■ What the task asks:
Each line from the beginning of the data below through the line containing "- small box (495,380,585,479)" should be repeated exactly, please.
Data shown Start Marker
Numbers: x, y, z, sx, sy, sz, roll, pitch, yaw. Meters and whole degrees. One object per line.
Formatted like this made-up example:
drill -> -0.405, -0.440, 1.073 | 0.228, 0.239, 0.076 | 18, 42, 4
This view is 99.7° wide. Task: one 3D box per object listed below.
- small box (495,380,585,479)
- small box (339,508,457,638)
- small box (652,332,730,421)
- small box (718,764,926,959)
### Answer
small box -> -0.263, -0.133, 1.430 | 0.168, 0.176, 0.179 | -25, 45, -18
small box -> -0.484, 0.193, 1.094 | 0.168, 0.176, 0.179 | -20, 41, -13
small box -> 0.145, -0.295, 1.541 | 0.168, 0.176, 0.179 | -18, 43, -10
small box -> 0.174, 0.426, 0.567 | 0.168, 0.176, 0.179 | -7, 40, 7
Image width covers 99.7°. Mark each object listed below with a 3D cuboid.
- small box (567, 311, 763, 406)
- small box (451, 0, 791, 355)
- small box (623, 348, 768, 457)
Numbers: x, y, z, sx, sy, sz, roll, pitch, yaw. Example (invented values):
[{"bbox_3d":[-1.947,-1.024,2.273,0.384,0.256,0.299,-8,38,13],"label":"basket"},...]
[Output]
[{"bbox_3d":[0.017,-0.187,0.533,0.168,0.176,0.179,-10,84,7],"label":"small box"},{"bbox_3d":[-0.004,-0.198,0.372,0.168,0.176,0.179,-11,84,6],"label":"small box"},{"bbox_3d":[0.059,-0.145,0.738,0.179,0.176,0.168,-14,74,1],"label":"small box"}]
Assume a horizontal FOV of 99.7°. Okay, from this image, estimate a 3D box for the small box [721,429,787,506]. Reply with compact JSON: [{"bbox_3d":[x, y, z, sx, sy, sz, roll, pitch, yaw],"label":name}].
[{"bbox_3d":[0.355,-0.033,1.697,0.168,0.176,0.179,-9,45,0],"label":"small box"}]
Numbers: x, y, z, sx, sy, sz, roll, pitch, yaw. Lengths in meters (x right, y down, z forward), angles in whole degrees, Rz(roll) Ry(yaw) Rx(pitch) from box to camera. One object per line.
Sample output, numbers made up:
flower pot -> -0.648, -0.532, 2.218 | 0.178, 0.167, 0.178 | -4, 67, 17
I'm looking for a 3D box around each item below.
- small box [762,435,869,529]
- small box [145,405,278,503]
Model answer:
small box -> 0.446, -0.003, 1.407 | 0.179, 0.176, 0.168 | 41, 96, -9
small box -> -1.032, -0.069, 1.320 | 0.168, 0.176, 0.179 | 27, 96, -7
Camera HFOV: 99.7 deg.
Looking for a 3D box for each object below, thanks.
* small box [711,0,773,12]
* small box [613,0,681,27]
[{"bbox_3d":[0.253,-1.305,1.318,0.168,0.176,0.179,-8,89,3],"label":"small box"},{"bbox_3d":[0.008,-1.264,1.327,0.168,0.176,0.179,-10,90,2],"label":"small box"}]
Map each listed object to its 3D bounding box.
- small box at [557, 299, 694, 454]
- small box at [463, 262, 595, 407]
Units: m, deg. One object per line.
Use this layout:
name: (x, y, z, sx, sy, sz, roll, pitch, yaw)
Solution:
Data shown End Marker
■ Your solution:
Numbers: x, y, z, sx, sy, sz, roll, pitch, yaw. Meters and whole degrees. One object per line.
Formatted like this made-up example:
drill -> -0.405, -0.440, 1.073 | 0.228, 0.239, 0.076 | 18, 42, 4
This view is 99.7° wide. Task: one 3D box per object listed below.
- small box (495,380,585,479)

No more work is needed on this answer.